How to deny base numbers?

Try some examples:

  (16 -8 4 -2 1) 1 = 0 0 0 0 1 -1 = 0 0 0 1 1 2 = 0 0 1 1 0 -2 = 0 0 0 1 0 3 = 0 0 1 1 1 -3 = 0 1 1 0 1 4 = 0 0 1 0 0 -4 = 0 1 1 0 0 5 = 0 0 1 0 1 -5 = 0 1 1 1 1 

We can try to determine this mathematically:

The specified input i (b) (where B is a bit),

• i = Σ (-2) ^b i (b) - definition of the base -2)
• O = -I is what we are trying to solve for
• O = -Σ (-2) ^b i (b) - substitution
• O = Σ - (- 2) ^b i (b) - distribution
• - (- 2) ^b = (-2) ^b + (-2) ^{b + 1}
• O = Σ ((- 2) ^b + (-2) ^{b + 1} ) i (b) - permutation
• O = Σ ((- 2) ^b i (b) + (-2) ^{b + 1} i (b)) - substitution
• O = Σ (-2) ^b i (b) + Σ (-2) ^{b + 1} i (b)
• O (b) = i (b) + i (b-1)

Now this leaves the possibility that O (b) is 0, 1 or 2, since I (b) is always 0 or 1.

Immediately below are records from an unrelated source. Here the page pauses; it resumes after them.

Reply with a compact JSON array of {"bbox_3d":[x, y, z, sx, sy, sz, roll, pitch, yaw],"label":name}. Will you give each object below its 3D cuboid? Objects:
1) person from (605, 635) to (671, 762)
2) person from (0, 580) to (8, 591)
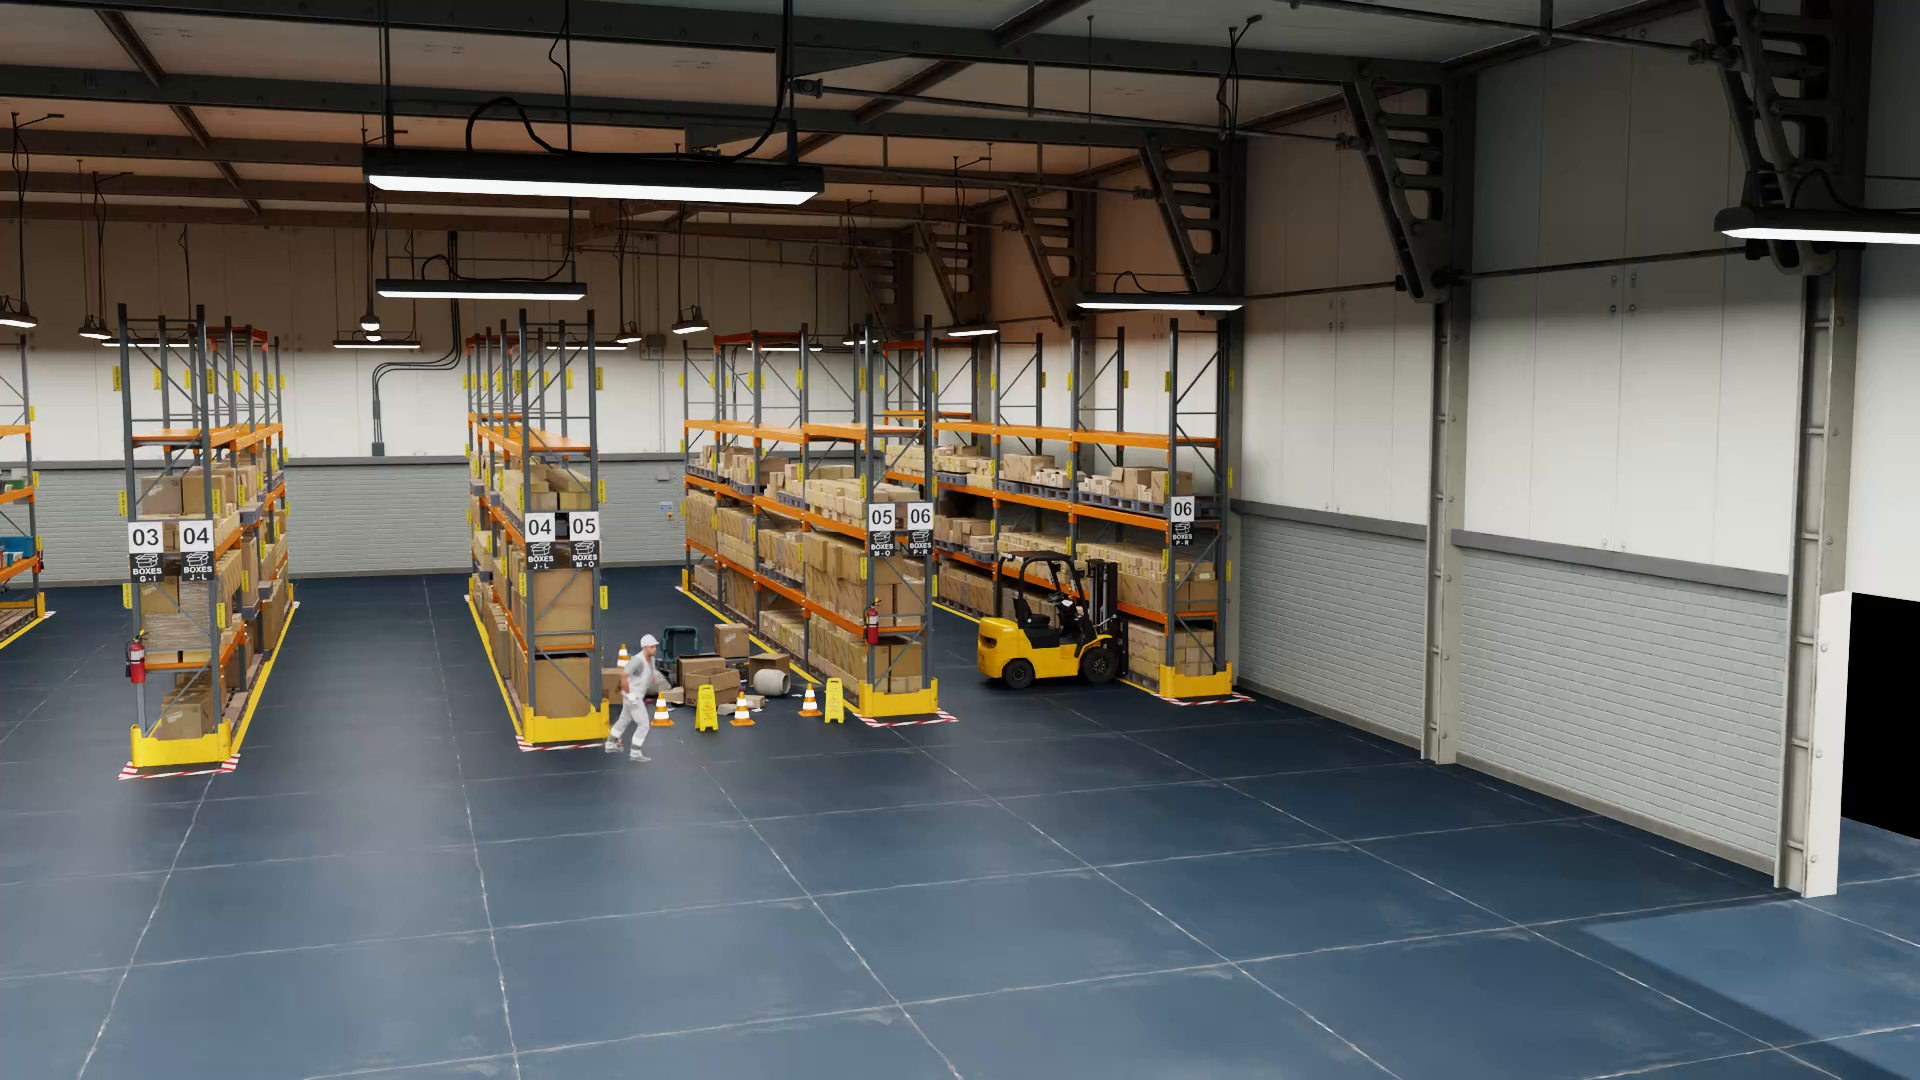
[{"bbox_3d":[-4.293,2.080,22.017,0.926,1.703,0.697,0,5,1],"label":"person"},{"bbox_3d":[-21.402,0.652,36.824,0.568,1.724,0.700,0,5,0],"label":"person"}]
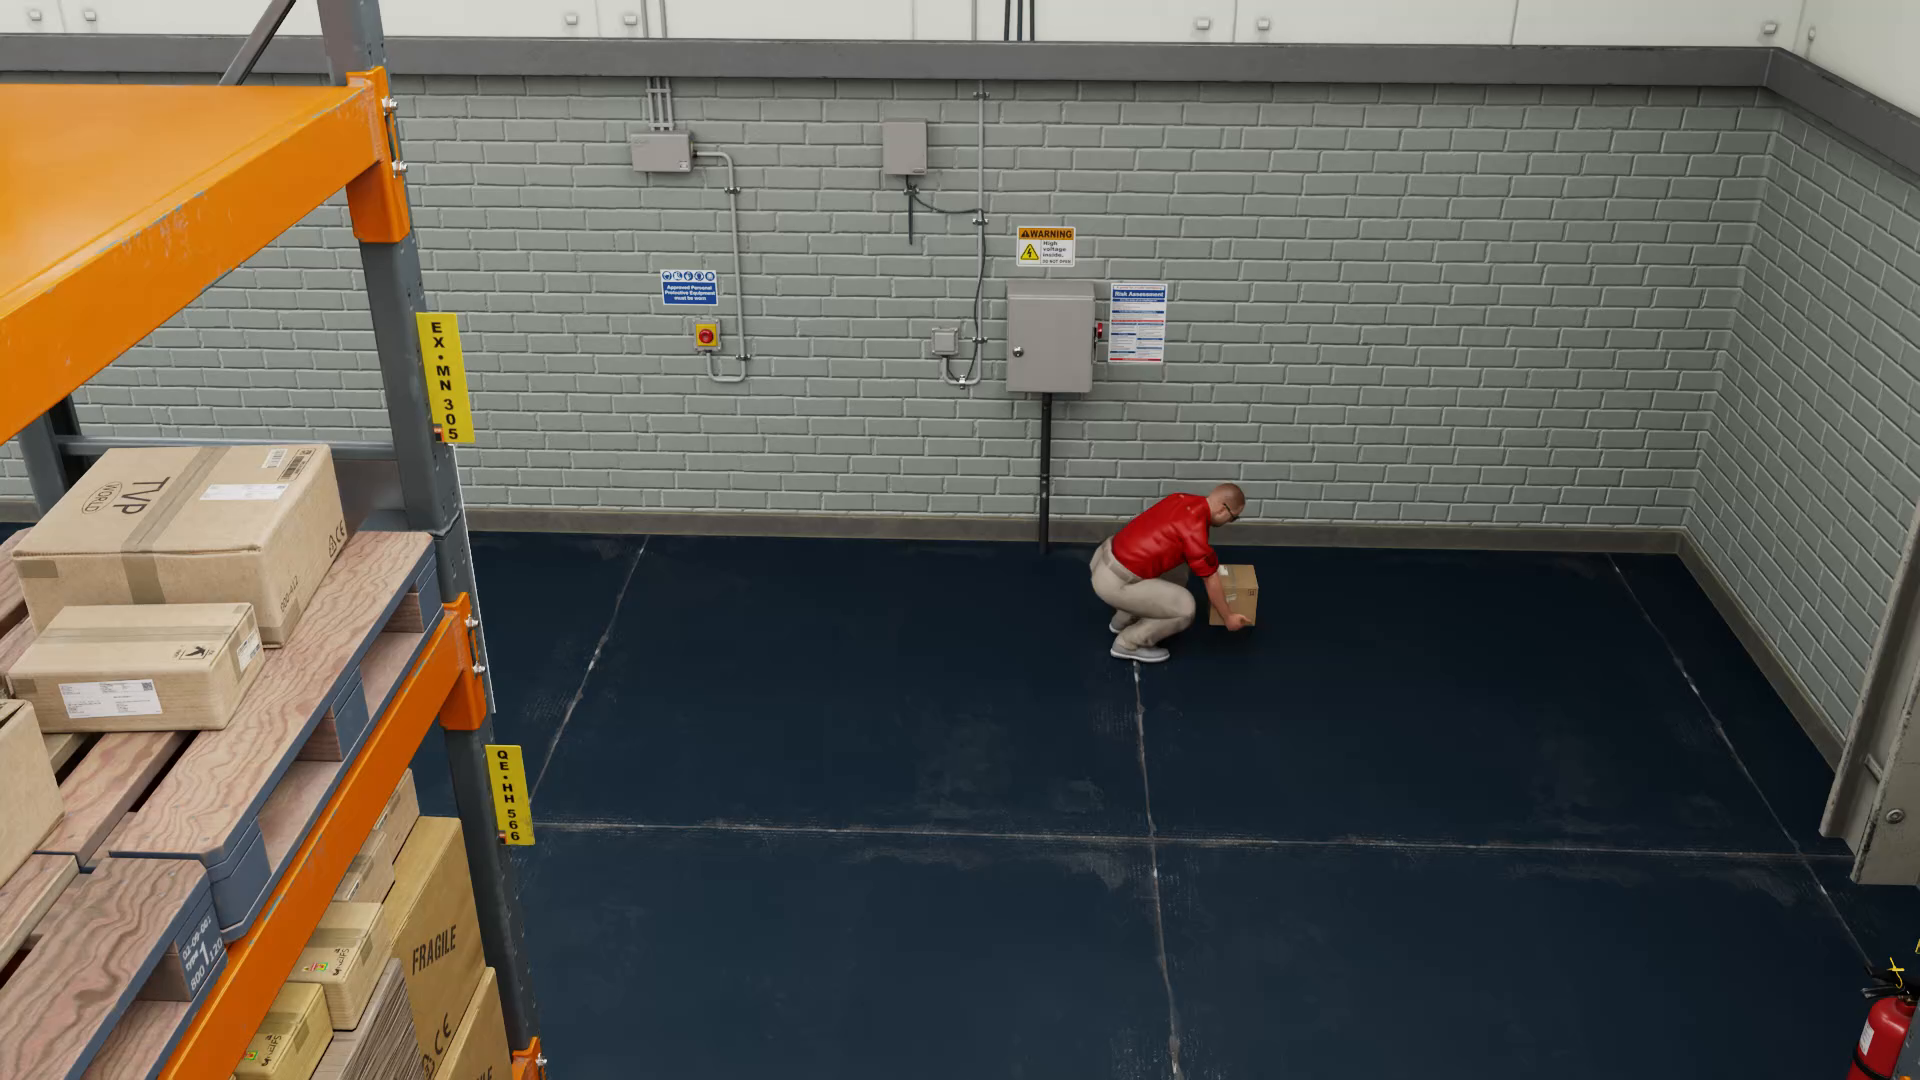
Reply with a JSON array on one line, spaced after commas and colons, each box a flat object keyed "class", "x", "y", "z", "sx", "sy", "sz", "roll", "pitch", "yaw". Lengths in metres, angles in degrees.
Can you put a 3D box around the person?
[{"class": "person", "x": 1.162, "y": 0.187, "z": 9.174, "sx": 0.891, "sy": 0.914, "sz": 0.533, "roll": 0, "pitch": 28, "yaw": 1}]
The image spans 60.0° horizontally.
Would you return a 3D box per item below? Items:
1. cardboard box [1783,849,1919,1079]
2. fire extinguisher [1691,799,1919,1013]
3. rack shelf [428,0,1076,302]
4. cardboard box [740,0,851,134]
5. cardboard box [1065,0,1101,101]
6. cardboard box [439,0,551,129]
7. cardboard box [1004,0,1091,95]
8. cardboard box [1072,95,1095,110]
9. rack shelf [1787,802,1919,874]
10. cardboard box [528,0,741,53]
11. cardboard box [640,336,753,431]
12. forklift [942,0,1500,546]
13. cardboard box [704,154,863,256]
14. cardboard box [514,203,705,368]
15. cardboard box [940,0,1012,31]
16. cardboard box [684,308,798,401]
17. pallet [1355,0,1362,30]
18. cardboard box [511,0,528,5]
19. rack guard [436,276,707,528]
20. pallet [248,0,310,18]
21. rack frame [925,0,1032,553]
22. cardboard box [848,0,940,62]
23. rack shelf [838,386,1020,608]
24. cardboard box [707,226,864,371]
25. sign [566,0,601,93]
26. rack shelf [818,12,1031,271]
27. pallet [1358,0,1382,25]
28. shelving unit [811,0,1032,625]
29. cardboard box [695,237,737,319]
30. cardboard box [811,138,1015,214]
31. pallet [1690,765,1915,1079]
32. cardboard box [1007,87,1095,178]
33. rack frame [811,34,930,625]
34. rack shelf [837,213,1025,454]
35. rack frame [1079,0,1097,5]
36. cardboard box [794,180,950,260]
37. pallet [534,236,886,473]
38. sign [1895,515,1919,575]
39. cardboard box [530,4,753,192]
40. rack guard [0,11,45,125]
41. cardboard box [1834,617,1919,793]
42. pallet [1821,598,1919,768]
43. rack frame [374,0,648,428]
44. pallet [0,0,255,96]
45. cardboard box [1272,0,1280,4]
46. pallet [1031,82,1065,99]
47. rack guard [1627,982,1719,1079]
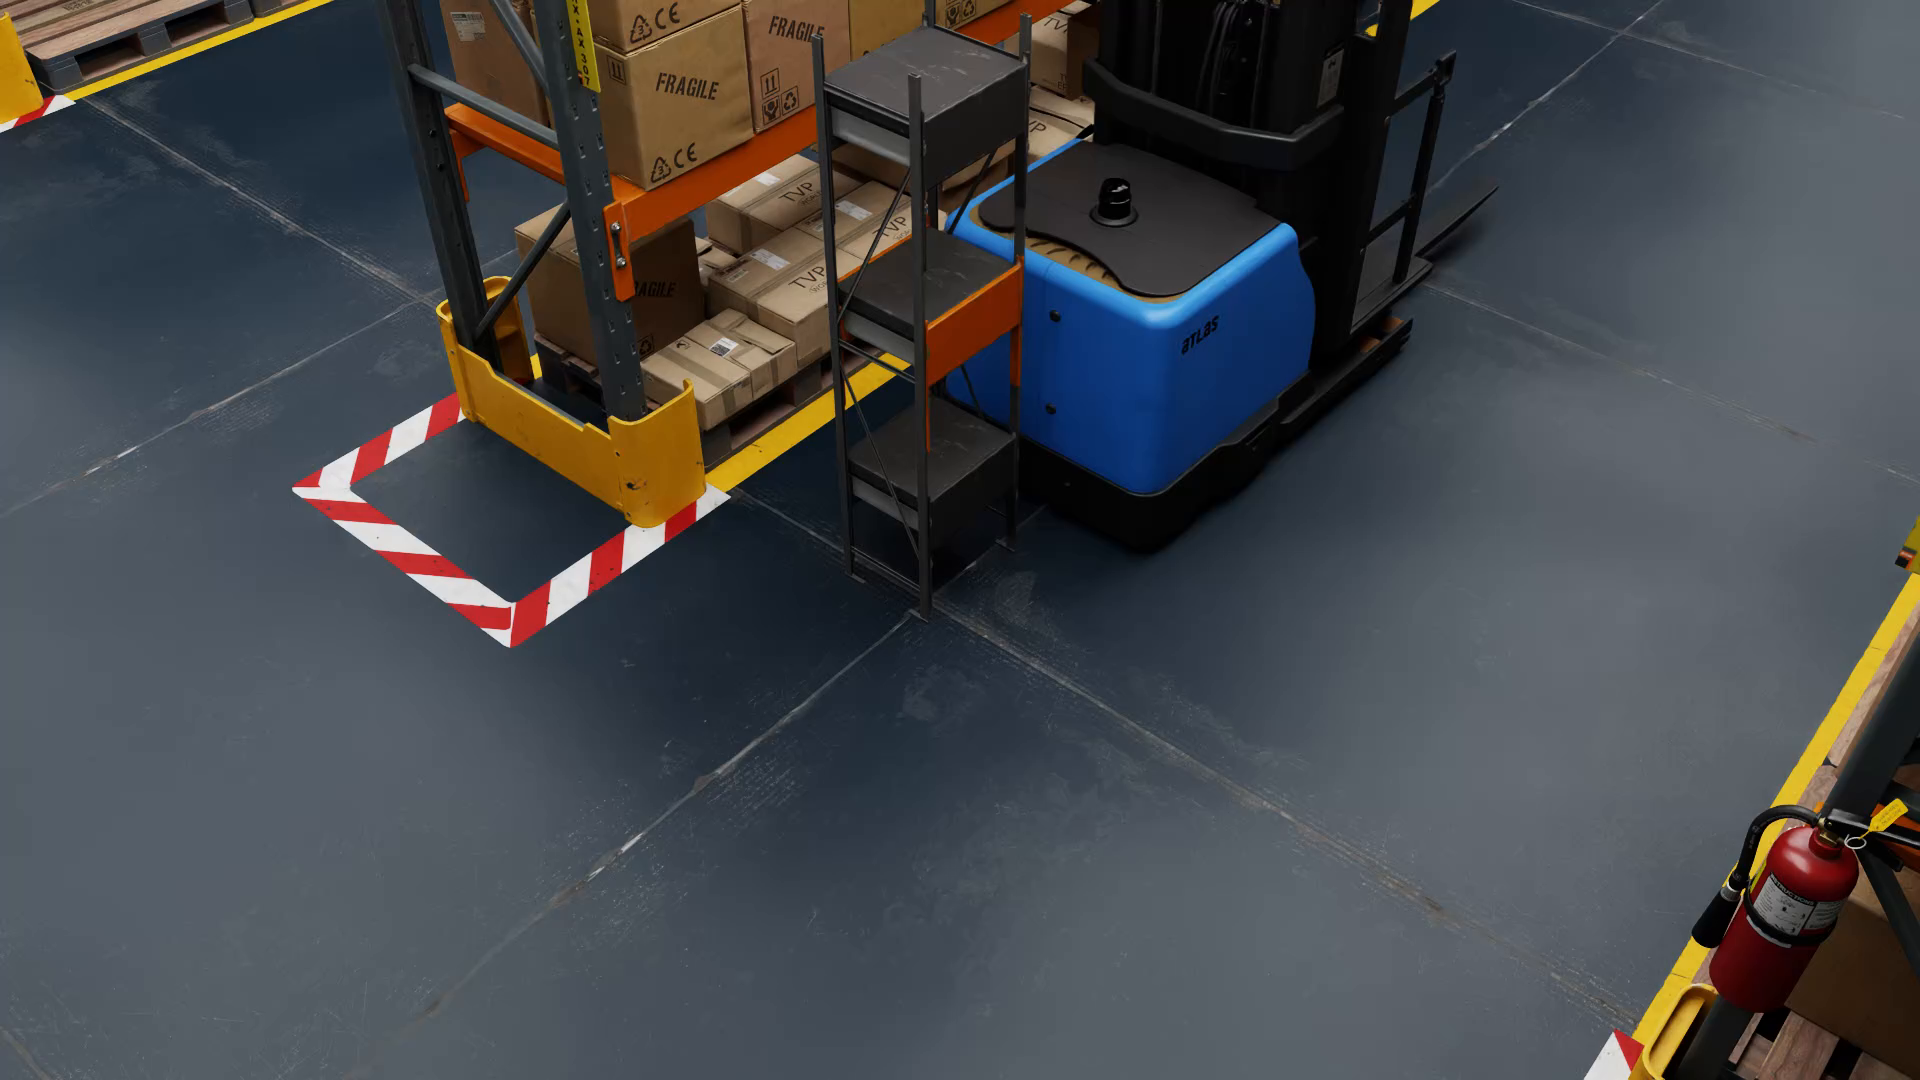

If O (b) is 2, that is, a “carry”, consider a few examples of transfers:

  (16 -8 4 -2 1) (16 -8 4 -2 1) 1+1 = 0 0 0 0 2 = 0 0 1 1 0 -2-2 = 0 0 0 2 0 = 0 1 1 0 0 4+4 = 0 0 2 0 0 = 1 1 0 0 0 

for each b, starting from 0, if O (b)> = 2, subtract 2 from O (b) and the increments O (b + 1) and O (b + 2). Do this until you reach your maximum value.

Hope this explains it in some detail.